Data excerpts
Segment Open

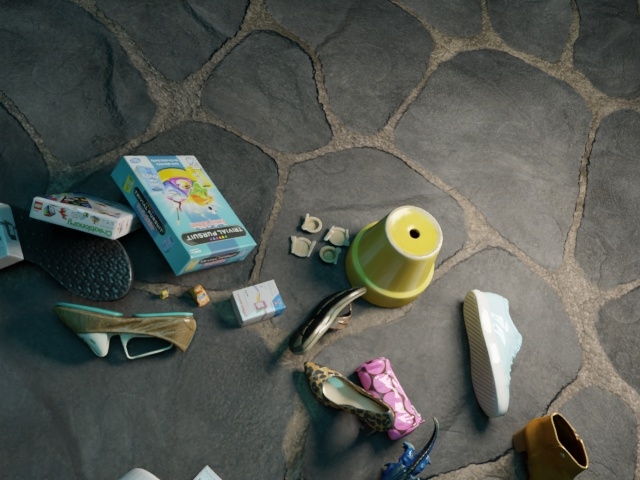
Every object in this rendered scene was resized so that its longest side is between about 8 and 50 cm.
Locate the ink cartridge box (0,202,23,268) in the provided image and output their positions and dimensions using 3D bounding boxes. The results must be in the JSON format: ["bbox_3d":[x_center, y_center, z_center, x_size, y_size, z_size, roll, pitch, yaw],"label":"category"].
[{"bbox_3d":[-0.803,-0.007,1.439,0.109,0.063,0.150,-23,76,3],"label":"ink cartridge box"}]

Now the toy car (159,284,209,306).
[{"bbox_3d":[-0.356,0.149,1.555,0.122,0.040,0.060,-11,66,-21],"label":"toy car"}]

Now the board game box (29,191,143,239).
[{"bbox_3d":[-0.566,-0.067,1.479,0.193,0.305,0.053,16,95,-6],"label":"board game box"}]

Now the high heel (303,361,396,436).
[{"bbox_3d":[0.071,0.372,1.466,0.261,0.186,0.093,42,60,9],"label":"high heel"}]

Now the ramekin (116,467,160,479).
[{"bbox_3d":[-0.345,0.596,1.191,0.277,0.277,0.135,44,53,10],"label":"ramekin"}]

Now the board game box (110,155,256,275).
[{"bbox_3d":[-0.360,-0.081,1.586,0.336,0.079,0.254,53,31,15],"label":"board game box"}]

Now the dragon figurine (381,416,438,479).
[{"bbox_3d":[0.197,0.555,1.397,0.085,0.289,0.144,42,22,6],"label":"dragon figurine"}]

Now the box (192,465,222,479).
[{"bbox_3d":[-0.251,0.575,1.320,0.101,0.102,0.087,40,58,9],"label":"box"}]

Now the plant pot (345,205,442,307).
[{"bbox_3d":[0.221,0.032,1.661,0.254,0.239,0.253,7,61,-13],"label":"plant pot"}]

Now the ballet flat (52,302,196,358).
[{"bbox_3d":[-0.482,0.227,1.455,0.343,0.116,0.123,7,80,-16],"label":"ballet flat"}]

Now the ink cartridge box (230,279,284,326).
[{"bbox_3d":[-0.170,0.169,1.589,0.123,0.052,0.088,-16,68,-21],"label":"ink cartridge box"}]

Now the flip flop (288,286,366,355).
[{"bbox_3d":[0.027,0.219,1.594,0.277,0.112,0.080,-45,107,-32],"label":"flip flop"}]

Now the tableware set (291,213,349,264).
[{"bbox_3d":[0.000,0.000,1.736,0.169,0.020,0.141,18,57,3],"label":"tableware set"}]

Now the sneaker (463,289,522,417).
[{"bbox_3d":[0.505,0.307,1.651,0.150,0.135,0.365,5,62,-9],"label":"sneaker"}]

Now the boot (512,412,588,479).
[{"bbox_3d":[0.602,0.590,1.480,0.104,0.211,0.294,-14,67,-21],"label":"boot"}]

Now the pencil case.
[{"bbox_3d":[0.178,0.403,1.536,0.098,0.095,0.209,-32,73,9],"label":"pencil case"}]

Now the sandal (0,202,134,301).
[{"bbox_3d":[-0.652,0.022,1.502,0.446,0.107,0.167,23,80,11],"label":"sandal"}]
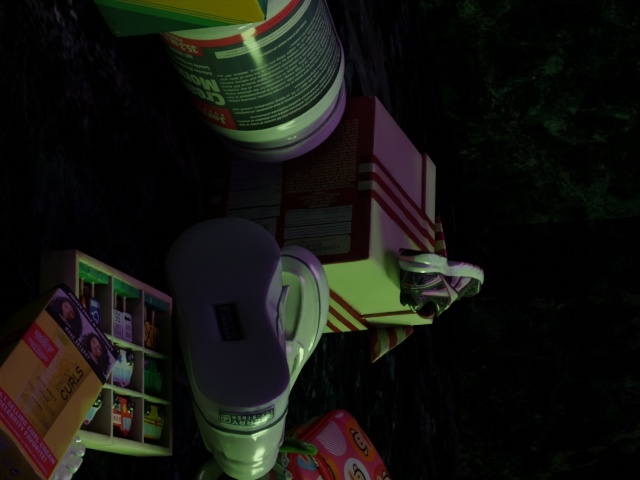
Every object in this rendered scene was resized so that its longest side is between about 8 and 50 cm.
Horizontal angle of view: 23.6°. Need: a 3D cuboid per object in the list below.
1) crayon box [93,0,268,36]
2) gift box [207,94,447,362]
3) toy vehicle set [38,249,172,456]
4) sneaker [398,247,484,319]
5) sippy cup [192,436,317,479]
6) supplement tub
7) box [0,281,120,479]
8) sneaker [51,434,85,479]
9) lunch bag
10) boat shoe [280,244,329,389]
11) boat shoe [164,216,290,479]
[{"bbox_3d":[-0.161,-0.313,1.462,0.278,0.165,0.081,65,25,-57],"label":"crayon box"},{"bbox_3d":[0.000,0.000,1.925,0.258,0.255,0.276,42,50,-58],"label":"gift box"},{"bbox_3d":[-0.199,0.114,1.455,0.267,0.035,0.166,40,47,-73],"label":"toy vehicle set"},{"bbox_3d":[0.136,0.058,1.850,0.178,0.072,0.077,16,85,-56],"label":"sneaker"},{"bbox_3d":[-0.042,0.381,1.643,0.240,0.224,0.305,-57,140,-70],"label":"sippy cup"},{"bbox_3d":[-0.080,-0.233,1.736,0.272,0.191,0.191,67,22,-54],"label":"supplement tub"},{"bbox_3d":[-0.225,0.116,1.186,0.087,0.058,0.232,55,16,-12],"label":"box"},{"bbox_3d":[-0.244,0.193,1.215,0.076,0.065,0.166,59,21,-28],"label":"sneaker"},{"bbox_3d":[0.015,0.382,1.972,0.293,0.120,0.258,63,25,-2],"label":"lunch bag"},{"bbox_3d":[-0.068,0.133,1.780,0.267,0.096,0.088,-66,171,26],"label":"boat shoe"},{"bbox_3d":[-0.090,0.123,1.646,0.367,0.136,0.156,-109,-164,-56],"label":"boat shoe"}]

Segment Closed

Assigned task: Please repeat each line above exactly as it appears, but omit the pictures.

Written response:
Every object in this rendered scene was resized so that its longest side is between about 8 and 50 cm.
Locate the ink cartridge box (0,202,23,268) in the provided image and output their positions and dimensions using 3D bounding boxes. The results must be in the JSON format: ["bbox_3d":[x_center, y_center, z_center, x_size, y_size, z_size, roll, pitch, yaw],"label":"category"].
[{"bbox_3d":[-0.803,-0.007,1.439,0.109,0.063,0.150,-23,76,3],"label":"ink cartridge box"}]

Now the toy car (159,284,209,306).
[{"bbox_3d":[-0.356,0.149,1.555,0.122,0.040,0.060,-11,66,-21],"label":"toy car"}]

Now the board game box (29,191,143,239).
[{"bbox_3d":[-0.566,-0.067,1.479,0.193,0.305,0.053,16,95,-6],"label":"board game box"}]

Now the high heel (303,361,396,436).
[{"bbox_3d":[0.071,0.372,1.466,0.261,0.186,0.093,42,60,9],"label":"high heel"}]

Now the ramekin (116,467,160,479).
[{"bbox_3d":[-0.345,0.596,1.191,0.277,0.277,0.135,44,53,10],"label":"ramekin"}]

Now the board game box (110,155,256,275).
[{"bbox_3d":[-0.360,-0.081,1.586,0.336,0.079,0.254,53,31,15],"label":"board game box"}]

Now the dragon figurine (381,416,438,479).
[{"bbox_3d":[0.197,0.555,1.397,0.085,0.289,0.144,42,22,6],"label":"dragon figurine"}]

Now the box (192,465,222,479).
[{"bbox_3d":[-0.251,0.575,1.320,0.101,0.102,0.087,40,58,9],"label":"box"}]

Now the plant pot (345,205,442,307).
[{"bbox_3d":[0.221,0.032,1.661,0.254,0.239,0.253,7,61,-13],"label":"plant pot"}]

Now the ballet flat (52,302,196,358).
[{"bbox_3d":[-0.482,0.227,1.455,0.343,0.116,0.123,7,80,-16],"label":"ballet flat"}]

Now the ink cartridge box (230,279,284,326).
[{"bbox_3d":[-0.170,0.169,1.589,0.123,0.052,0.088,-16,68,-21],"label":"ink cartridge box"}]

Now the flip flop (288,286,366,355).
[{"bbox_3d":[0.027,0.219,1.594,0.277,0.112,0.080,-45,107,-32],"label":"flip flop"}]

Now the tableware set (291,213,349,264).
[{"bbox_3d":[0.000,0.000,1.736,0.169,0.020,0.141,18,57,3],"label":"tableware set"}]

Now the sneaker (463,289,522,417).
[{"bbox_3d":[0.505,0.307,1.651,0.150,0.135,0.365,5,62,-9],"label":"sneaker"}]

Now the boot (512,412,588,479).
[{"bbox_3d":[0.602,0.590,1.480,0.104,0.211,0.294,-14,67,-21],"label":"boot"}]

Now the pencil case.
[{"bbox_3d":[0.178,0.403,1.536,0.098,0.095,0.209,-32,73,9],"label":"pencil case"}]

Now the sandal (0,202,134,301).
[{"bbox_3d":[-0.652,0.022,1.502,0.446,0.107,0.167,23,80,11],"label":"sandal"}]
Every object in this rendered scene was resized so that its longest side is between about 8 and 50 cm.
Horizontal angle of view: 23.6°. Need: a 3D cuboid per object in the list below.
1) crayon box [93,0,268,36]
2) gift box [207,94,447,362]
3) toy vehicle set [38,249,172,456]
4) sneaker [398,247,484,319]
5) sippy cup [192,436,317,479]
6) supplement tub
7) box [0,281,120,479]
8) sneaker [51,434,85,479]
9) lunch bag
10) boat shoe [280,244,329,389]
11) boat shoe [164,216,290,479]
[{"bbox_3d":[-0.161,-0.313,1.462,0.278,0.165,0.081,65,25,-57],"label":"crayon box"},{"bbox_3d":[0.000,0.000,1.925,0.258,0.255,0.276,42,50,-58],"label":"gift box"},{"bbox_3d":[-0.199,0.114,1.455,0.267,0.035,0.166,40,47,-73],"label":"toy vehicle set"},{"bbox_3d":[0.136,0.058,1.850,0.178,0.072,0.077,16,85,-56],"label":"sneaker"},{"bbox_3d":[-0.042,0.381,1.643,0.240,0.224,0.305,-57,140,-70],"label":"sippy cup"},{"bbox_3d":[-0.080,-0.233,1.736,0.272,0.191,0.191,67,22,-54],"label":"supplement tub"},{"bbox_3d":[-0.225,0.116,1.186,0.087,0.058,0.232,55,16,-12],"label":"box"},{"bbox_3d":[-0.244,0.193,1.215,0.076,0.065,0.166,59,21,-28],"label":"sneaker"},{"bbox_3d":[0.015,0.382,1.972,0.293,0.120,0.258,63,25,-2],"label":"lunch bag"},{"bbox_3d":[-0.068,0.133,1.780,0.267,0.096,0.088,-66,171,26],"label":"boat shoe"},{"bbox_3d":[-0.090,0.123,1.646,0.367,0.136,0.156,-109,-164,-56],"label":"boat shoe"}]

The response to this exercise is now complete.